Игры на свежем воздухе — страница 45 из 73

– Чему? Роем гудеть? Мёд в зобу варить?

– Дом хранить и благодать слышать, – сказал Пал Палыч. – Вы, Пётр Ляксеич, пасечника горемычного видали? Нясчастного? Хоть одного, чтоб ня светился?

Пётр Алексеевич задумался.

– Я вообще ни одного не видел. Кроме вас.

– Тогда на слово верьте. Для человека благодать, что пчалам – матка. А они матку всегда слышат.

– И как научат?

– А жалом, – вступил в разговор Александр Семёнович. – Яд-то у них целебный. Особо у здешних – и тело целит, и разумение. Раз цапнут, другой…

– Цалебный, – подтвердил Пал Палыч. – А как хватят зараз штук пятнадцать-двадцать, так тут счастье всяк услышит. И уж тот зов ня забыть, ня спутать – повядёт.

– А что ж вы на краснодарских перешли? – подловил наставника Пётр Алексеевич. – Они же не язвят.

– Так меня наши, дикие, столько раз цапали, что на три жизни впярёд слух прочистили!

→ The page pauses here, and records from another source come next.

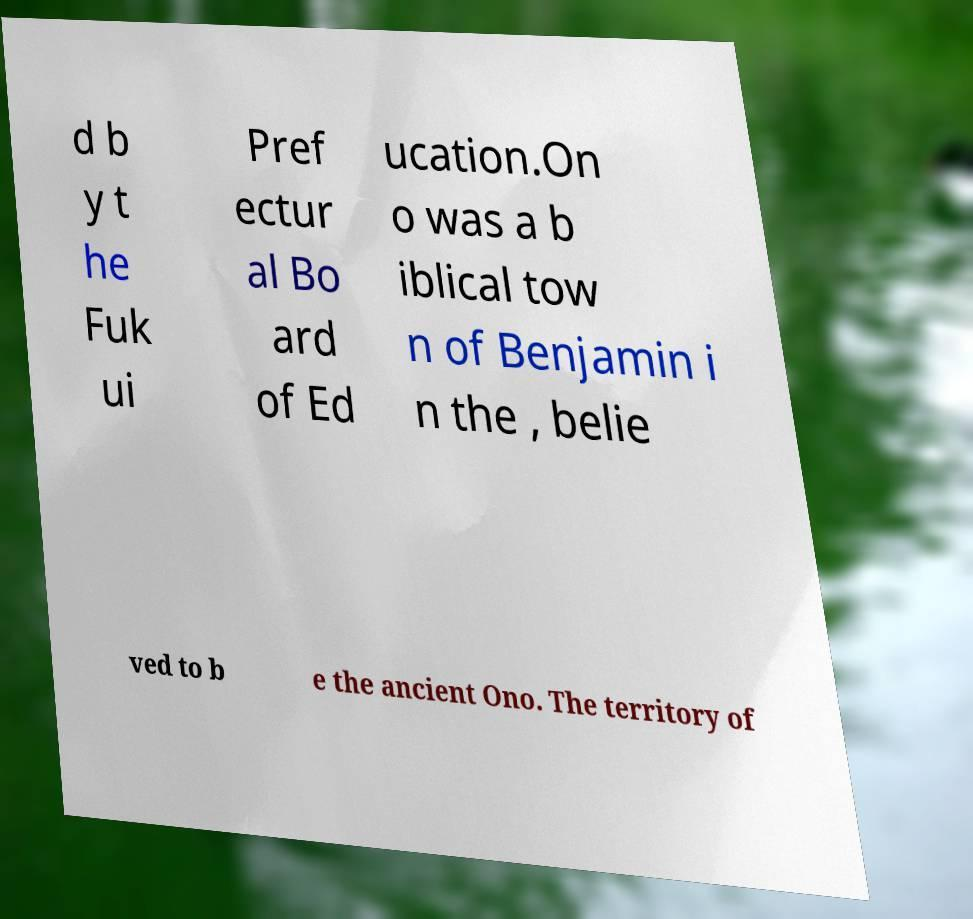Can you accurately transcribe the text from the provided image for me? d b y t he Fuk ui Pref ectur al Bo ard of Ed ucation.On o was a b iblical tow n of Benjamin i n the , belie ved to b e the ancient Ono. The territory of 
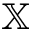Convert formula to latex. <formula><loc_0><loc_0><loc_500><loc_500>\mathbb { X }</formula> 
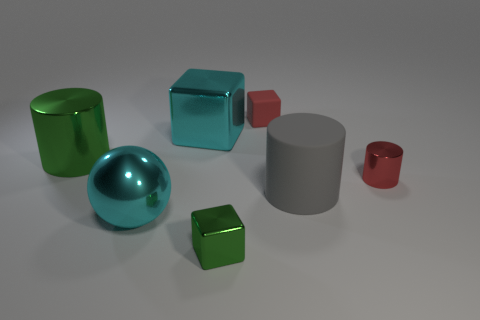There is a tiny cylinder that is the same color as the rubber block; what is its material?
Ensure brevity in your answer.  Metal. There is a gray thing that is the same size as the green metal cylinder; what is its material?
Offer a very short reply. Rubber. What number of green shiny things have the same shape as the gray rubber object?
Your answer should be very brief. 1. There is a green cylinder that is made of the same material as the big block; what is its size?
Offer a very short reply. Large. There is a tiny object that is both behind the large gray matte cylinder and on the left side of the small cylinder; what material is it?
Provide a succinct answer. Rubber. What number of cyan balls are the same size as the green block?
Provide a short and direct response. 0. There is another green object that is the same shape as the tiny rubber object; what is it made of?
Your answer should be very brief. Metal. How many objects are big cyan objects behind the large shiny cylinder or large things behind the red metallic thing?
Your response must be concise. 2. Does the large green shiny thing have the same shape as the tiny metallic thing that is right of the green block?
Make the answer very short. Yes. What shape is the big shiny thing behind the shiny cylinder that is behind the red object that is in front of the small red matte cube?
Your answer should be very brief. Cube.

– Счастье слышать… – Пётр Алексеевич недоверчиво ухмыльнулся. – Шутки шутите.

– А надо слышать, – горячо подался к Петру Алексеевичу Пал Палыч. – Надо! Оно вроде, счастье-то, на всех и одно, как матка в рою, да у всякого своё. И голос свистом подаёт, как птаха. Чу! – Пал Палыч поднял взгляд и выставил вверх указательный палец. – Вот, слышите? Свистит.

Пётр Алексеевич невольно прислушался:

– Нет, не слышу.

– И правильно, – согласился Пал Палыч. – То моё свистит. А чужого ня слышно.

Пётр Алексеевич, переводя блестящий, подёрнутый хмельным глянцем взгляд, смотрел то на тестя, то на Пал Палыча – лица их были серьёзны.

– Ну так дело – пустяк, – поднялся он из-за стола. – Сейчас подправим.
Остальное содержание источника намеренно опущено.